# 2005 Kawasaki 360?



## ghsnow (Oct 6, 2009)

Anyone have any input on how these do plowing sidewalks?


----------



## deere615 (Jun 1, 2007)

I had an 03 that did great they have alot of torque now I have an 07 and it will be plowing this year


----------



## EaTmYtAiLpIpEs (Aug 23, 2007)

yep and i was gonna tell ya to ask deere he would know lol


----------



## Reb (Feb 8, 2008)

I have no idea on sidewalks due to the fact there are no sidewalks in my area but I have a 2003 P360 that I bought new. It has a 60" CC blade with the CC down pressure system and a 2.5 Warn winch for operating it. I have always been impressed with the amount of snow that machine will push.

The P360 is my go to machine even though I have a Traxter setup with a 60" blade and down pressure system and I also have a tractor with front loader and rear snowblower. The P360 is faster and easier to handle.

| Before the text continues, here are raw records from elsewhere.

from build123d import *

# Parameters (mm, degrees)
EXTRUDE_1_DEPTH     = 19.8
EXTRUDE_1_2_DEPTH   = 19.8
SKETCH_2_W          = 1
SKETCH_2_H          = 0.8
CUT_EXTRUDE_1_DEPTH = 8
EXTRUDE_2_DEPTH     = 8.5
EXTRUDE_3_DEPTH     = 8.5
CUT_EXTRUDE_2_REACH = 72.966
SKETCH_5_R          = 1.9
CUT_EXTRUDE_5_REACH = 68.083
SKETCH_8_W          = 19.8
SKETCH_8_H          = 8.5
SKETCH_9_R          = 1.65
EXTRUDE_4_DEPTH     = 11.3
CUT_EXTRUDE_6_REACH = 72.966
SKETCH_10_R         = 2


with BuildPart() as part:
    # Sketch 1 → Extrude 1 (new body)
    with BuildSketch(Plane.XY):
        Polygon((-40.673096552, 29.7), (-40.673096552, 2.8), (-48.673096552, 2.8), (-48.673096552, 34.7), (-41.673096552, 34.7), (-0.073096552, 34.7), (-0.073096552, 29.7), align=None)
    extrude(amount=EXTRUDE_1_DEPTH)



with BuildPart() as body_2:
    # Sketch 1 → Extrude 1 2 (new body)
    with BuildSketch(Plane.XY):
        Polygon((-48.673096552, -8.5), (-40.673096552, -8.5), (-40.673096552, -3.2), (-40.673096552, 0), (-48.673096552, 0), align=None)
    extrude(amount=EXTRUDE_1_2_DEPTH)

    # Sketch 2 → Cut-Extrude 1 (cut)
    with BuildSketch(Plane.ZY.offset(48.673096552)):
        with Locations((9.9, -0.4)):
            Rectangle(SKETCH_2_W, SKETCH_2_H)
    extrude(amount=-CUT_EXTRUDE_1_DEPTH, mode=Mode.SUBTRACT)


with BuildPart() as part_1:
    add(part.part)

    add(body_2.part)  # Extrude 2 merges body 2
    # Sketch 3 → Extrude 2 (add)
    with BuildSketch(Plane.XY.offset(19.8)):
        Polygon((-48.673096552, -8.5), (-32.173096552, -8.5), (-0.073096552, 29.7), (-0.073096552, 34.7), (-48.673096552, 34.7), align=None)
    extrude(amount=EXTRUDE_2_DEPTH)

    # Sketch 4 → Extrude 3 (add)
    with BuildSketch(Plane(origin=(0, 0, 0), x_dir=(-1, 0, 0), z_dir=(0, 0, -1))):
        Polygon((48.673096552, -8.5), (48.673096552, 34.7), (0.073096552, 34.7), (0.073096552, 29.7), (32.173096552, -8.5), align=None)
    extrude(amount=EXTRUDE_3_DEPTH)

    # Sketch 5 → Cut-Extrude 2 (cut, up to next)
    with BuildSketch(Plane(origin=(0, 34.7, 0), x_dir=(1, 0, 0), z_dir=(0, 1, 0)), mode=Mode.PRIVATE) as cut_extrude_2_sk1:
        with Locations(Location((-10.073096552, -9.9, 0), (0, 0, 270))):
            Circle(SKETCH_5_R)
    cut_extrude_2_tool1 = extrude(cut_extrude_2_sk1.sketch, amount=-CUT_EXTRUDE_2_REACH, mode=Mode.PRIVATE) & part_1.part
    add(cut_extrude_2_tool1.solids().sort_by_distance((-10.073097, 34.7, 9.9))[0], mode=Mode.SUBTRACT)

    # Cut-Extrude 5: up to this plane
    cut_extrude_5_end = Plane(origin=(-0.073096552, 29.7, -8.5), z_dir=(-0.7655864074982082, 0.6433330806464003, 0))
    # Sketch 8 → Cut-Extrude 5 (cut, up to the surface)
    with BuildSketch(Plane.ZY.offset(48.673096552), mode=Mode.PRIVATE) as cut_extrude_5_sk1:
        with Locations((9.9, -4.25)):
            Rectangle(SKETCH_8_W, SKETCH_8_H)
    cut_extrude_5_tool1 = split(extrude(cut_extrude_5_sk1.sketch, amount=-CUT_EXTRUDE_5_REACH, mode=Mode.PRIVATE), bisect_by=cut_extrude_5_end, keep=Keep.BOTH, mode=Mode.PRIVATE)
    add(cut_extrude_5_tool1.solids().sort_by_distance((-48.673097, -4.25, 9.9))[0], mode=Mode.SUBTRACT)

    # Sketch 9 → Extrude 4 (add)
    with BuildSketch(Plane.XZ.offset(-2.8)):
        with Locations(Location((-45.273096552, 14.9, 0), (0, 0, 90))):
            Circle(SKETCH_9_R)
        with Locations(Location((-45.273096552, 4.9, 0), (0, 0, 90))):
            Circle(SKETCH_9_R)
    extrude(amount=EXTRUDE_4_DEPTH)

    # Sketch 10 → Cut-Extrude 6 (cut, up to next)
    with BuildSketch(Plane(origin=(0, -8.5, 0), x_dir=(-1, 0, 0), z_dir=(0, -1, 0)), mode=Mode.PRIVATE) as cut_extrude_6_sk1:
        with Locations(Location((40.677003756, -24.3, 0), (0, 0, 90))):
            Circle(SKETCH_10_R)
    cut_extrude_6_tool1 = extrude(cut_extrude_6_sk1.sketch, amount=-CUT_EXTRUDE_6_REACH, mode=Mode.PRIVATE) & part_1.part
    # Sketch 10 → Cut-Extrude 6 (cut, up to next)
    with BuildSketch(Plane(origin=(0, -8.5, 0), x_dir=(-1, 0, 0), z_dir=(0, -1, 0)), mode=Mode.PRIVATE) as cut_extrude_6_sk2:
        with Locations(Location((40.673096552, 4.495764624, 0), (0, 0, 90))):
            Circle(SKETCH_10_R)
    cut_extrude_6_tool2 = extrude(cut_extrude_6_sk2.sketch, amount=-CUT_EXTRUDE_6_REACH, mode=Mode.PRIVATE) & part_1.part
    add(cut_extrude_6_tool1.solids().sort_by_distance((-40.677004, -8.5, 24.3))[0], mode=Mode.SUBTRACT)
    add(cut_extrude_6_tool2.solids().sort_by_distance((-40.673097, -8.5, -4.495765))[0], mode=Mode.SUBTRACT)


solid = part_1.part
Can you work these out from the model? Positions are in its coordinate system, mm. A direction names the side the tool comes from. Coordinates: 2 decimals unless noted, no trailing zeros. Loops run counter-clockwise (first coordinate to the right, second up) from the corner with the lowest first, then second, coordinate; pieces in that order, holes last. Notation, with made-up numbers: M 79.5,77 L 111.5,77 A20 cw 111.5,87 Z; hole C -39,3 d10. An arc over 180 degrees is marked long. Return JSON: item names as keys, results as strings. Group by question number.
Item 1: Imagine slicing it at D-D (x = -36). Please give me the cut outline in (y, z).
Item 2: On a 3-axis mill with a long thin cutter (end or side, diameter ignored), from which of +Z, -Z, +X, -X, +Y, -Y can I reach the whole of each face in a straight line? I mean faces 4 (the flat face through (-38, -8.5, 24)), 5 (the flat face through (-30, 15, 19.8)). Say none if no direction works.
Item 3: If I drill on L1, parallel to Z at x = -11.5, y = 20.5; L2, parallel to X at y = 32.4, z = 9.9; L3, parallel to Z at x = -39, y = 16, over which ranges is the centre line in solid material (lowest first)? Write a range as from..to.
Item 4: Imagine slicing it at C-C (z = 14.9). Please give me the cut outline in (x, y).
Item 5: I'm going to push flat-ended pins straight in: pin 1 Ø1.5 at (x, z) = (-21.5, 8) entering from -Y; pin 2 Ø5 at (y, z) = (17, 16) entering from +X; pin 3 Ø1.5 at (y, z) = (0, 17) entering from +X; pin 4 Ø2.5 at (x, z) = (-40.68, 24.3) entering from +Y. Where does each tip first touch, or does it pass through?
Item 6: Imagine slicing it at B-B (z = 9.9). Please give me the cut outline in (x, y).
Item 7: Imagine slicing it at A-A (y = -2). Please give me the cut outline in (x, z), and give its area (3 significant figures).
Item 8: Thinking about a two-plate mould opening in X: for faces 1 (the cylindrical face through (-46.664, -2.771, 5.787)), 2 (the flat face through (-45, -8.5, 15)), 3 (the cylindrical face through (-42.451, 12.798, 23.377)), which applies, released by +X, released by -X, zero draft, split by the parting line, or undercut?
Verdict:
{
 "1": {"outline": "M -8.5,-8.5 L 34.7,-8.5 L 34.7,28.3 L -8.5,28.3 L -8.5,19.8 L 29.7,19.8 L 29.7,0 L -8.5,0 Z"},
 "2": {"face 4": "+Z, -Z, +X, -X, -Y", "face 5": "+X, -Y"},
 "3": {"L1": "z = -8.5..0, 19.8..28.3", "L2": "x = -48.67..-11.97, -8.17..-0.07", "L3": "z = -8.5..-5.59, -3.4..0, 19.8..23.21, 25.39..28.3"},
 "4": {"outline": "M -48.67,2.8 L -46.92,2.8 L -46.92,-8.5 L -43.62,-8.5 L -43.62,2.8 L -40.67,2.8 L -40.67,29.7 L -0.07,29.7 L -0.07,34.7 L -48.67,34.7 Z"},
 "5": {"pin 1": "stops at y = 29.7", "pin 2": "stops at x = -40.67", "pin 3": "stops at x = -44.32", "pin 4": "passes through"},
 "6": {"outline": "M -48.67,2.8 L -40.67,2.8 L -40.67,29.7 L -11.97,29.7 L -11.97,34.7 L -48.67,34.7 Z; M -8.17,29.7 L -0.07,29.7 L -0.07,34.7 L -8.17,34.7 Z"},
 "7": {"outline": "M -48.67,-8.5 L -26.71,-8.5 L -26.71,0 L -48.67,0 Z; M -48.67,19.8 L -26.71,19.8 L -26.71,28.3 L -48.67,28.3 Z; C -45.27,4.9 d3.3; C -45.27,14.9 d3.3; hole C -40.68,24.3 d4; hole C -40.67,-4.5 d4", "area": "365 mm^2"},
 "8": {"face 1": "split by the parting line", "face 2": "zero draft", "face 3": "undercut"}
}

With all that said though, once the snow gets 12" to 14" deep then I go to the heavier machines.


----------



## SuperdutyShane (Mar 6, 2009)

The Prairie 360 is a very good machine. I used it on a little bit of sidewalks around here, and it does a very good job. I had a 48'' Warn blade.


----------



## Louiso (Feb 10, 2010)

yeah i dont do side walks but i do driveways and they can push a ton. i have tried just to see if the blade fits tho. mine doesnt fit unless i angle it and then it fits perfect!!!


----------



## deere615 (Jun 1, 2007)

Just figured I would update as I plowed 2ft of snow on a few walks this past storm with mine, it did pretty good would have did betetr with good tires and wieght but I just kept punching through and making multiple passes and finally got them clean


----------